Reputation: 35
Our dataflow pipeline has a DoFn that reads from bigtable using the hbase multiget client api. This seems to cause dataflow to stall randomly with the following stack:
Processing stuck in step AttachStuff/BigtableAttacher for at least 04h10m00s without outputting or completing in state process at sun.misc.Unsafe.park(Native Method) at java.util.concurrent.locks.LockSupport.park(LockSupport.java:175) at com.google.bigtable.repackaged.com.google.common.util.concurrent.AbstractFuture.get(AbstractFuture.java:523) at com.google.bigtable.repackaged.com.google.api.core.AbstractApiFuture.get(AbstractApiFuture.java:56) at com.google.cloud.bigtable.hbase.BatchExecutor.batchCallback(BatchExecutor.java:276) at com.google.cloud.bigtable.hbase.BatchExecutor.batch(BatchExecutor.java:239) at com.google.cloud.bigtable.hbase.AbstractBigtableTable.get(AbstractBigtableTable.java:241) at com.askscio.google.docbuilder.BigtableAnchorsAttacher.getAnchors(BigtableAnchorsAttacher.java:86) at com.askscio.google.docbuilder.BigtableAnchorsAttacher.process(BigtableAnchorsAttacher.java:129) at com.askscio.docbuilder.core.ScioDoFn.processWithErrorHandling(ScioDoFn.java:39) at com.askscio.google.docbuilder.BigtableAnchorsAttacher$DoFnInvoker.invokeProcessElement(Unknown Source)
We are on beam library 2.12.0. The DoFn inits the bigtable connection in StartBundle.

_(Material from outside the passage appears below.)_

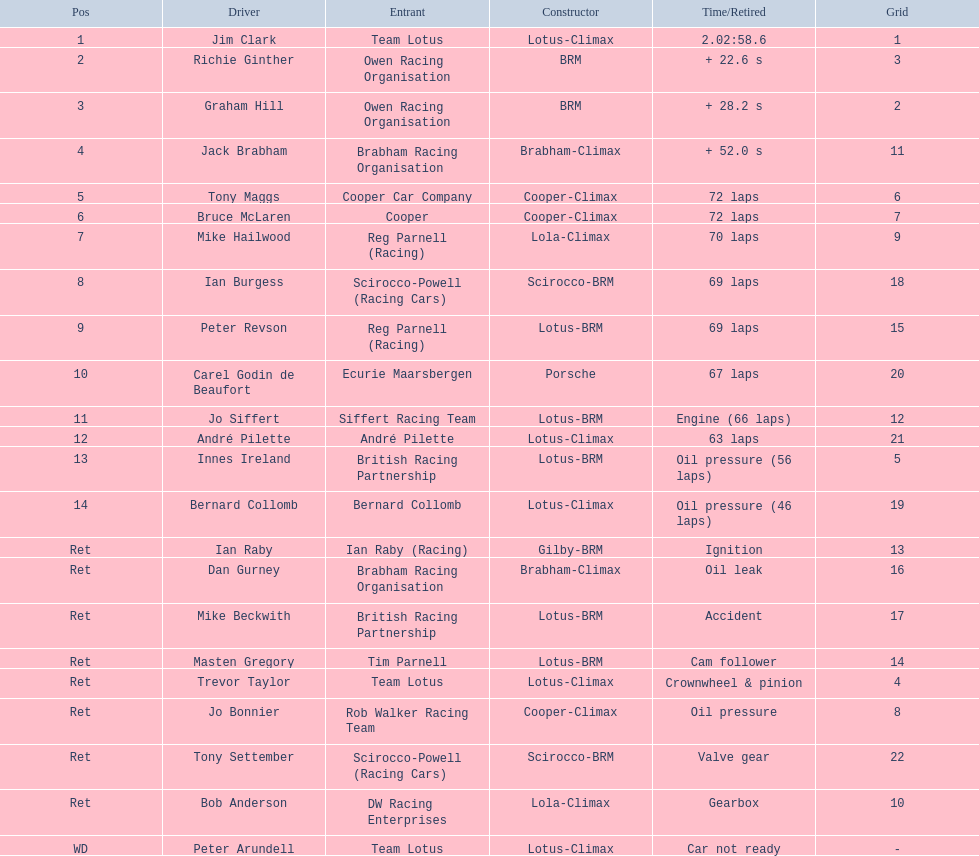Who are all the drivers? Jim Clark, Richie Ginther, Graham Hill, Jack Brabham, Tony Maggs, Bruce McLaren, Mike Hailwood, Ian Burgess, Peter Revson, Carel Godin de Beaufort, Jo Siffert, André Pilette, Innes Ireland, Bernard Collomb, Ian Raby, Dan Gurney, Mike Beckwith, Masten Gregory, Trevor Taylor, Jo Bonnier, Tony Settember, Bob Anderson, Peter Arundell. What were their positions? 1, 2, 3, 4, 5, 6, 7, 8, 9, 10, 11, 12, 13, 14, Ret, Ret, Ret, Ret, Ret, Ret, Ret, Ret, WD. What are all the constructor names? Lotus-Climax, BRM, BRM, Brabham-Climax, Cooper-Climax, Cooper-Climax, Lola-Climax, Scirocco-BRM, Lotus-BRM, Porsche, Lotus-BRM, Lotus-Climax, Lotus-BRM, Lotus-Climax, Gilby-BRM, Brabham-Climax, Lotus-BRM, Lotus-BRM, Lotus-Climax, Cooper-Climax, Scirocco-BRM, Lola-Climax, Lotus-Climax. And which drivers drove a cooper-climax? Tony Maggs, Bruce McLaren. Between those tow, who was positioned higher? Tony Maggs.

Each DoFn invocation looks up no more than 10 keys from bigtable
Its single cluster, 3 nodes and SSD. Storage utilization is 2.2 GB, max node CPU utilization is 13% and max read/write rates are 2000 reads/sec and 1000 writes/sec
startBundle:
bigtableConn = BigtableConfiguration.connect(
config.getString(ConfigKeys.Google.PROJECT_ID),
config.getString(ConfigKeys.Google.INSTANCE_ID)
);
fooTable = bigtableConn.getTable(TableName.valueOf(BigtableDocumentStore.FOO_TABLE_NAME));
process:
List<Get> gets = Lists.newArrayList();
// keys are no more than 10
for (String s : keys) {
Get get = new Get(Bytes.toBytes(s))
.addFamily(Bytes.toBytes(BigtableDocumentStore.FOO_COLUMN_FAMILY))
.setMaxVersions(1);
gets.add(get);
}
Result[] results= fooTable.get(gets);
teardown:
fooTable.close();
bigTableConn.close();
Upvotes: 0
Views: 599
Reputation: 581
I would recommend moving connection management to @Setup & Teardown and using reference counts in case you are using multi core workers.

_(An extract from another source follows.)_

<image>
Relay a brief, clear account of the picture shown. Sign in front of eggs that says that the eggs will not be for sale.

Bigtable connections are very heavy weight and are intended to be singleton per process. The HBase connection object returned by BigtableConfiguration.connect() actually wraps a grpc channel pool with 2 channels per cpu, which is very expensive to construct.

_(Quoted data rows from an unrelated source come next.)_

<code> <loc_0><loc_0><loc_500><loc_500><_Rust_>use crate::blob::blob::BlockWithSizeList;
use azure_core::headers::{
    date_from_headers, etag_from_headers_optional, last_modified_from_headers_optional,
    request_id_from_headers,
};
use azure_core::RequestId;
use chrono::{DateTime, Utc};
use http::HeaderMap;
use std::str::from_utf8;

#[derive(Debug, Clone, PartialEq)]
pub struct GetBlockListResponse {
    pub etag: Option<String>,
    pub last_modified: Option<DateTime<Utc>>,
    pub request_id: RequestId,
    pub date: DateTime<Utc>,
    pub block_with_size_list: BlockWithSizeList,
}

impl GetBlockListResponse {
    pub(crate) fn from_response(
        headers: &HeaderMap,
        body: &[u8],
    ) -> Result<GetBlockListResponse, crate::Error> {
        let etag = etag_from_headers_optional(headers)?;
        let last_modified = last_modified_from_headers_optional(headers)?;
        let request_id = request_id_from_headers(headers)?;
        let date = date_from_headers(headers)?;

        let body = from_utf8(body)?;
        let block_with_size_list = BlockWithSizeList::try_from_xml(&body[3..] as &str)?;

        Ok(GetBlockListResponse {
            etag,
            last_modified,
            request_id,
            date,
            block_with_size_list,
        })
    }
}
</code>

You have a few options to improve your pipeline:
set the config option "google.bigtable.use.cached.data.channel.pool" to "true", which will reuse an internal connection pool
Do something like this in your DoFn:
// instance vars
static Object connectionLock = new Object();
static Connection bigtableConn = null;
// @Setup
synchronized(connectionLock) {
if (numWorkers++ == 0) {
bigtableConn = BigtableConfiguration.connect(...);
}
}
// @Teardown
synchronized(connectionLock) {
if (--numWorkers == 0) {
bigtableConn.close();
}
}
Upvotes: 1